Архетип сам по себе ни добр, ни зол. Он есть морально индифферентное numen (…), которое становится таким или другим или противоречивой двойственностью обоих лишь через столкновение с сознанием. Этот выбор добра или зла умышленно или неумышленно следует из человеческой установки. Есть много таких праобразов, которые в совокупности до тех пор не появляются в сновидениях отдельных людей и в произведениях искусства, пока не возбуждаются отклонением сознания от среднего пути. Но когда сознание соскальзывает в однобокую и потому ложную установку, эти «инстинкты» оживают и посылают свои образы в сновидения отдельных людей и в видения художников и провидцев, чтобы тем самым восстановить душевное равновесие.

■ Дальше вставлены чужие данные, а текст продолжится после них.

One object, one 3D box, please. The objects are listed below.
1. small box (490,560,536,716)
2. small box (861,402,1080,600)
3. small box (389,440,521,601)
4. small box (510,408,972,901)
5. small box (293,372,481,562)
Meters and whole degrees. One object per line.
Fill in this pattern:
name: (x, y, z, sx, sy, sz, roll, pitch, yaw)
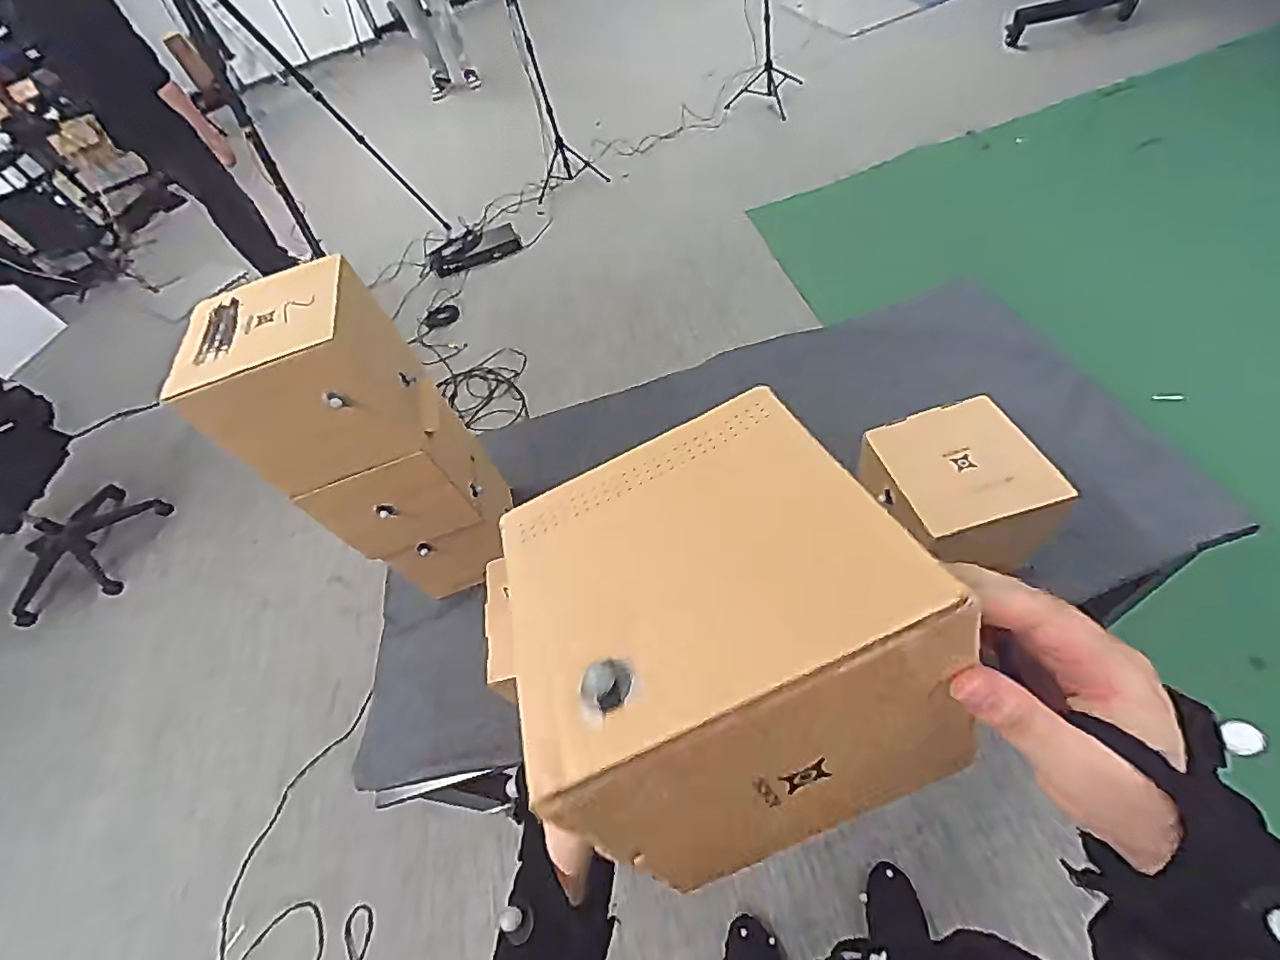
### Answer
small box: (-0.085, 0.203, 0.726, 0.179, 0.176, 0.168, -16, 51, 4)
small box: (0.407, 0.033, 0.709, 0.168, 0.176, 0.179, -18, 50, 4)
small box: (-0.303, 0.070, 0.892, 0.168, 0.176, 0.179, -21, 52, 0)
small box: (0.045, 0.090, 0.300, 0.179, 0.168, 0.176, -28, 40, 4)
small box: (-0.335, -0.013, 0.751, 0.179, 0.176, 0.168, -21, 53, 1)

Так получает удовлетворение душевная потребность того или иного народа в творении поэта, и потому творение означает для поэта поистине больше, чем личная судьба, – безразлично, знает ли это он сам или нет. Автор представляет собой в глубочайшем смысле слова инструмент и в силу этого подчинен своему творению, по каковой причине мы не должны также, в частности, ждать от него истолкования последнего. Он уже исполнил свою высшую задачу, сотворив образ. Истолкование образа он должен поручить другим и будущему. Великое произведение искусства подобно сновидению, которое при всей своей наглядности никогда не истолковывает себя само и никогда не имеет однозначного толкования. Ни одно сновидение не говорит: «ты должен» или «такова истина»; оно выявляет образ, как природа выращивает растение, и уже нам предоставлено делать из этого образа свои выводы. Чтобы понять его смысл, нужно дать ему сформировать себя, как оно сформировало поэта. Тогда-то мы и поймем, что было его прапереживанием: он прикоснулся к тем целительным и спасительным душевным глубинам, в которых еще никто сам по себе не уединился до одиночества сознания, чтобы ступить на мучительный путь блужданий, и в которых еще все охвачены одной волной, а потому ощущения и действия отдельного человека еще погружены во все человечество.

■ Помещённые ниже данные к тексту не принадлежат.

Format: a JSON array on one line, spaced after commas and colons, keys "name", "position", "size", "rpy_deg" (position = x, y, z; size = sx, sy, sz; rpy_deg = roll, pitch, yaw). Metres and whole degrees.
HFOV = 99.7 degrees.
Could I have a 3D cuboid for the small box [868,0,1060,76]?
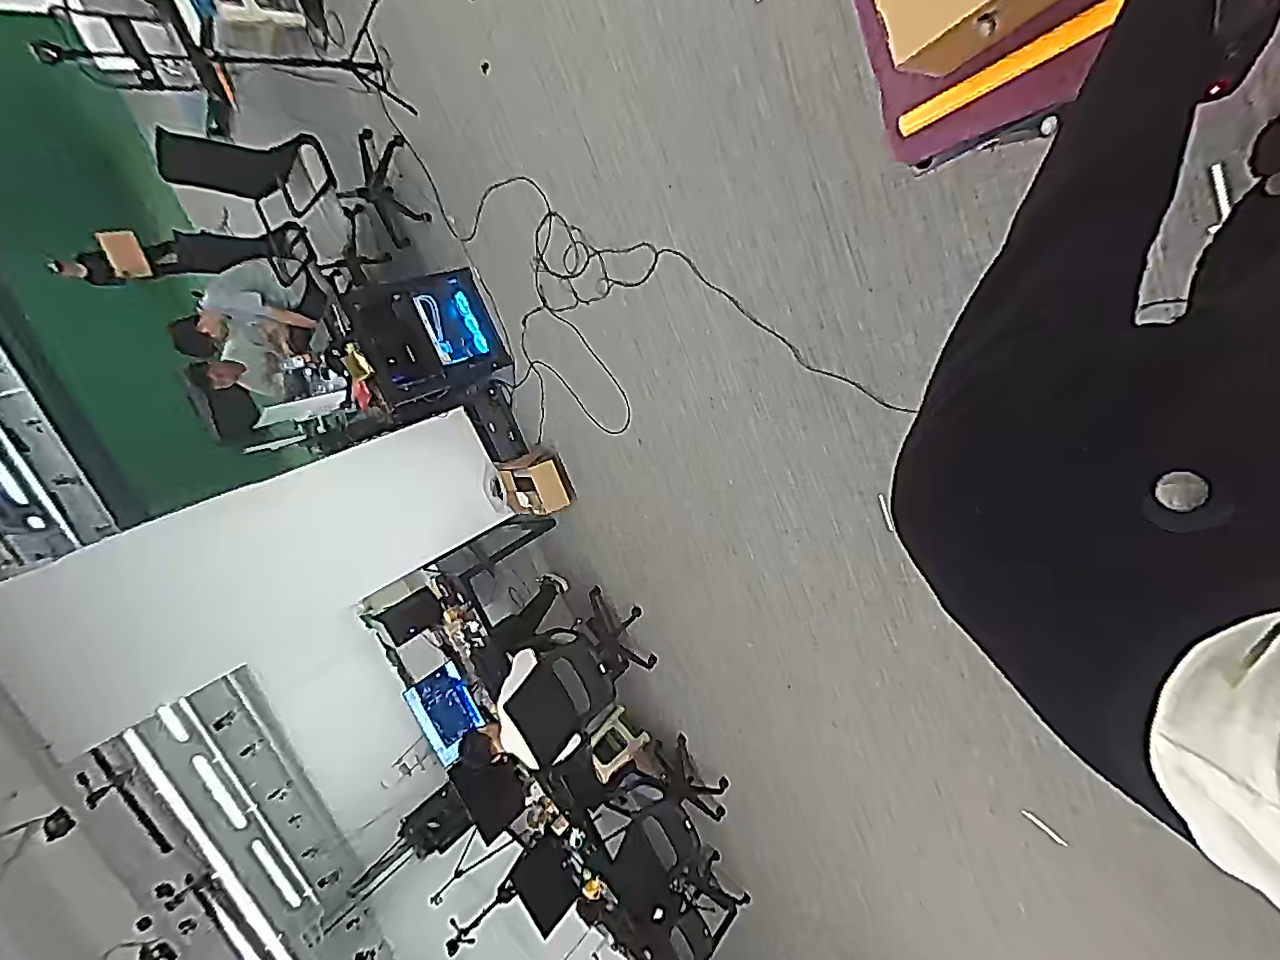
[{"name": "small box", "position": [0.353, -0.565, 0.566], "size": [0.179, 0.176, 0.168], "rpy_deg": [-11, 106, 50]}]

Обратное погружение в изначальное состояние «participation mystique» – тайна художественного творчества и воздействия искусства, потому что на этой ступени переживания переживает уже не отдельный человек, но народ, и речь там идет уже не о благе или беде отдельного человека, но о жизни народа. Поэтому великое произведение искусства объективно, имперсонально, а все же глубочайшим образом затрагивает нас. Поэтому же личное начало в поэте только дает ему преимущество или воздвигает перед ним препятствие, но никогда не бывает существенным для его искусства. Его личная биография может быть биографией филистера, честного малого, невротика, шута или преступника: это интересно, и от этого нельзя уйти, но в отношении творца несущественно.